* _EXERCISE_
In the records below, find the line that contains "1. wall mount rack (507,218,530,238)" and the line that contains "17. sneaker (290,174,391,480)". Set down exactly those lines and every line between them, and nothing more.

**** SOURCE INFORMATION

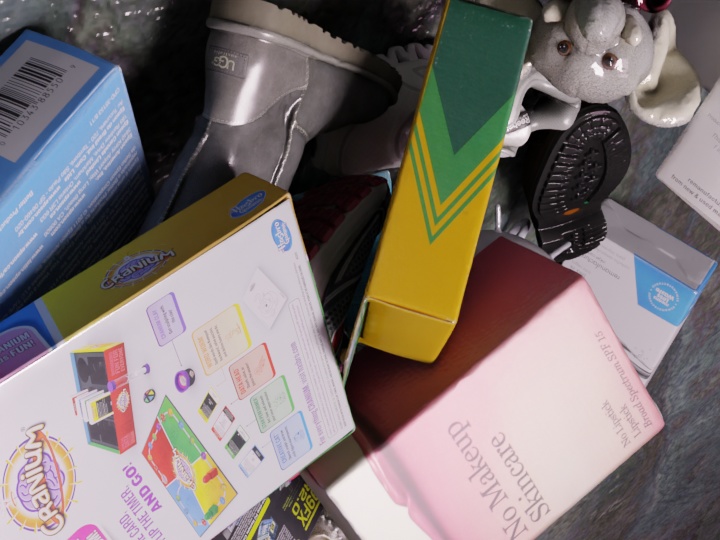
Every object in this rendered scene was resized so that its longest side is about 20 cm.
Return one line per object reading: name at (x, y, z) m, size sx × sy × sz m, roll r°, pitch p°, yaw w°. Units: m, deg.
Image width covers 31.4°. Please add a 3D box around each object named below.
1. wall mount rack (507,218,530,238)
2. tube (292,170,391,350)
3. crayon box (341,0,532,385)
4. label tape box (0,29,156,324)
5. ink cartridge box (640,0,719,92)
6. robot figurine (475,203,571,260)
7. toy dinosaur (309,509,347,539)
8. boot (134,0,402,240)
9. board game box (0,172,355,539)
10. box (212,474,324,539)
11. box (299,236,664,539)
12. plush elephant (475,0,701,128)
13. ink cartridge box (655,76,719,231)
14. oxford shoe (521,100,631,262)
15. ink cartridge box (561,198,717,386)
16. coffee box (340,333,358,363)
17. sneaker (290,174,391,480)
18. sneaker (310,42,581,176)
wall mount rack at (0.095, 0.051, 1.062) m, size 0.200 × 0.074 × 0.174 m, roll -49°, pitch -178°, yaw 10°
tube at (0.000, 0.000, 0.902) m, size 0.077 × 0.051 × 0.201 m, roll -18°, pitch 146°, yaw 1°
crayon box at (0.040, -0.029, 0.704) m, size 0.126 × 0.051 × 0.202 m, roll 100°, pitch 6°, yaw -77°
label tape box at (-0.164, 0.004, 0.648) m, size 0.144 × 0.065 × 0.201 m, roll -57°, pitch 160°, yaw -31°
ink cartridge box at (0.276, -0.196, 0.897) m, size 0.147 × 0.146 × 0.199 m, roll -54°, pitch 149°, yaw 16°
robot figurine at (0.080, 0.057, 0.913) m, size 0.169 × 0.113 × 0.202 m, roll 24°, pitch 94°, yaw -40°
toy dinosaur at (-0.012, 0.186, 1.060) m, size 0.199 × 0.102 × 0.077 m, roll -27°, pitch 146°, yaw -25°
boot at (-0.058, -0.033, 0.697) m, size 0.181 × 0.072 × 0.203 m, roll 10°, pitch 94°, yaw -57°
board game box at (-0.102, 0.068, 0.612) m, size 0.199 × 0.040 × 0.154 m, roll -34°, pitch 129°, yaw -27°
box at (-0.095, 0.150, 0.787) m, size 0.201 × 0.044 × 0.161 m, roll -62°, pitch 139°, yaw -33°
box at (0.066, 0.096, 0.794) m, size 0.199 × 0.109 × 0.128 m, roll -39°, pitch 115°, yaw -9°
plush elephant at (0.139, -0.171, 0.741) m, size 0.200 × 0.162 × 0.157 m, roll 60°, pitch 38°, yaw -76°
ink cartridge box at (0.289, -0.115, 0.778) m, size 0.145 × 0.085 × 0.201 m, roll -4°, pitch 132°, yaw -54°
oxford shoe at (0.149, -0.081, 0.951) m, size 0.072 × 0.085 × 0.200 m, roll -13°, pitch 158°, yaw -6°
ink cartridge box at (0.219, 0.053, 1.149) m, size 0.068 × 0.115 × 0.202 m, roll -39°, pitch 155°, yaw -50°
coffee box at (-0.100, 0.090, 0.894) m, size 0.199 × 0.044 × 0.124 m, roll 3°, pitch 124°, yaw -52°
sneaker at (-0.035, 0.028, 0.757) m, size 0.075 × 0.080 × 0.201 m, roll 41°, pitch 65°, yaw -29°
sneaker at (0.059, -0.102, 0.820) m, size 0.198 × 0.081 × 0.076 m, roll -24°, pitch 146°, yaw -28°

********

* _OUTPUT OF THE EXERCISE_
1. wall mount rack (507,218,530,238)
2. tube (292,170,391,350)
3. crayon box (341,0,532,385)
4. label tape box (0,29,156,324)
5. ink cartridge box (640,0,719,92)
6. robot figurine (475,203,571,260)
7. toy dinosaur (309,509,347,539)
8. boot (134,0,402,240)
9. board game box (0,172,355,539)
10. box (212,474,324,539)
11. box (299,236,664,539)
12. plush elephant (475,0,701,128)
13. ink cartridge box (655,76,719,231)
14. oxford shoe (521,100,631,262)
15. ink cartridge box (561,198,717,386)
16. coffee box (340,333,358,363)
17. sneaker (290,174,391,480)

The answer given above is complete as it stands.